If $(X, \langle \cdot, \cdot \rangle)$ is a complex Hilbert-space and $T : X \rightarrow X$ a normal operator, i.e. an operator such that $T T^\ast = T^* T$ then I'd like to show that:
$$\sup_{\Vert x \Vert = 1} \mathrm{Re} \langle x, Tx \rangle = \sup_{\lambda \in \sigma(T)} \mathrm{Re} \lambda$$
where $\sigma (T)$ denotes the spectrum of $T$.
I do not have any idea on how to solve such kinds of problems.

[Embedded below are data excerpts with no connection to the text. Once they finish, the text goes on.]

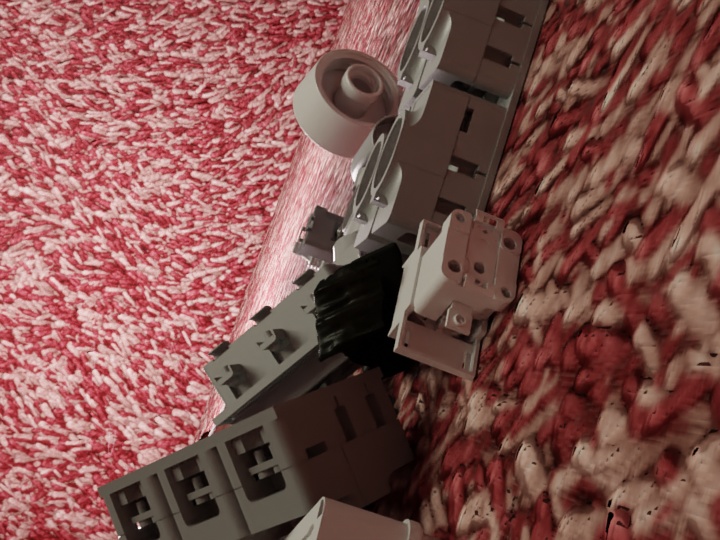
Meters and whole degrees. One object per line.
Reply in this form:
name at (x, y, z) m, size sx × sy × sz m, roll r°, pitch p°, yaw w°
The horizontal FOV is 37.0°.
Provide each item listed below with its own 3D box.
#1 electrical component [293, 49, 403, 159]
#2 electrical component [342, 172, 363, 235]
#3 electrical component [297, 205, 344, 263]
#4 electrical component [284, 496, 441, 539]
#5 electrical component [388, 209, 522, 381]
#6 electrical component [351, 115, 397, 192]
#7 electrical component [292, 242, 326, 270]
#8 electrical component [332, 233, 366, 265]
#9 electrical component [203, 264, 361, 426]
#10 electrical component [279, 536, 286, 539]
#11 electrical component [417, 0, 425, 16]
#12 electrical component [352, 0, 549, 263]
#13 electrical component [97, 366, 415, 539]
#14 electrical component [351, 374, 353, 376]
electrical component at (-0.007, -0.173, 1.085) m, size 0.060 × 0.108 × 0.108 m, roll -50°, pitch 21°, yaw 51°
electrical component at (0.020, -0.054, 0.834) m, size 0.077 × 0.044 × 0.079 m, roll -79°, pitch 12°, yaw -45°
electrical component at (-0.021, -0.027, 0.971) m, size 0.081 × 0.064 × 0.042 m, roll 133°, pitch 154°, yaw -69°
electrical component at (-0.011, 0.161, 0.495) m, size 0.113 × 0.057 × 0.078 m, roll 122°, pitch 165°, yaw -56°
electrical component at (0.048, 0.007, 0.528) m, size 0.063 × 0.042 × 0.081 m, roll 126°, pitch 161°, yaw -51°
electrical component at (0.017, -0.081, 0.916) m, size 0.077 × 0.044 × 0.079 m, roll 133°, pitch 155°, yaw -70°
electrical component at (-0.035, -0.011, 1.028) m, size 0.035 × 0.061 × 0.035 m, roll -160°, pitch 90°, yaw -82°
electrical component at (0.000, 0.000, 0.780) m, size 0.077 × 0.044 × 0.079 m, roll -50°, pitch 33°, yaw 44°
electrical component at (-0.042, 0.053, 0.719) m, size 0.121 × 0.063 × 0.079 m, roll -40°, pitch -16°, yaw 19°
electrical component at (-0.049, 0.172, 0.735) m, size 0.089 × 0.050 × 0.055 m, roll -90°, pitch 22°, yaw -67°
electrical component at (0.080, -0.220, 0.824) m, size 0.076 × 0.047 × 0.065 m, roll 119°, pitch 167°, yaw -47°
electrical component at (0.053, -0.100, 0.673) m, size 0.105 × 0.060 × 0.186 m, roll 146°, pitch 143°, yaw -76°
electrical component at (-0.056, 0.114, 0.583) m, size 0.150 × 0.061 × 0.089 m, roll -28°, pitch -9°, yaw 37°
electrical component at (-0.027, 0.102, 0.775) m, size 0.045 × 0.045 × 0.055 m, roll 122°, pitch 165°, yaw -54°

Can someone give me a hint on how to tackle this?
Thanks!
Let $\rho = \sup_{\|x\|=1}\Re (Tx,x)$. Suppose $\rho <\Re\lambda$. Then $\Re(Tx,x)\le \rho(x,x)$ for all $x$, and \begin{align} (\Re\lambda-\rho)\|x\|^2 &\le \Re ((\lambda I-T)x,x) \\ (\Re\lambda-\rho)\|x\|^2 &\le \|(\lambda I-T)x\|\|x\| \\ (\Re\lambda-\rho)\|x\| &\le \|(\lambda I-T)x\|. \end{align} Therefore $T-\lambda I$ is injective for $\Re\lambda > \rho$, and the above also implies that the range of $\lambda I -T$ is closed for such $\lambda$. Because $T$ is normal, $\|(T-\lambda I)x\|=\|(T-\lambda I)^{\star}x\|$ for all $x\in X$, which also gives $$ \mathcal{R}(\lambda I-T)=\mathcal{N}((\lambda I-T)^{\star})^{\perp}= \mathcal{N}(\lambda I-T)^{\perp}=X. $$ So $\Re\lambda > \rho$ implies $\lambda\in\rho(T)$, or $$ \sigma(T) \subseteq \{ \lambda \in\mathbb{C} : \Re\lambda \le \sup_{\|x\|=1}(Tx,x)\}. $$ For the opposite inclusion, the spectrum of $\sigma(T)$ is closed and bounded, which gives the existence of $\lambda_0\in\sigma(T)$ for which $\Re\lambda \le \Re\lambda_0$ for all $\lambda\in\sigma(T)$. Any point $\lambda_0\in\sigma(T)$ is either in the point spectrum or the approximate point spectrum of $T$ because $T$ is normal, which gives the existence of a sequence of unit vectors $\{ x_n\}$ such that $\|Tx_n-\lambda_0x_n\|\rightarrow 0$; hence $$ (Tx_n,x_n)=(Tx_n-\lambda_0x_n,x_n)-\lambda_0\rightarrow\lambda_0. $$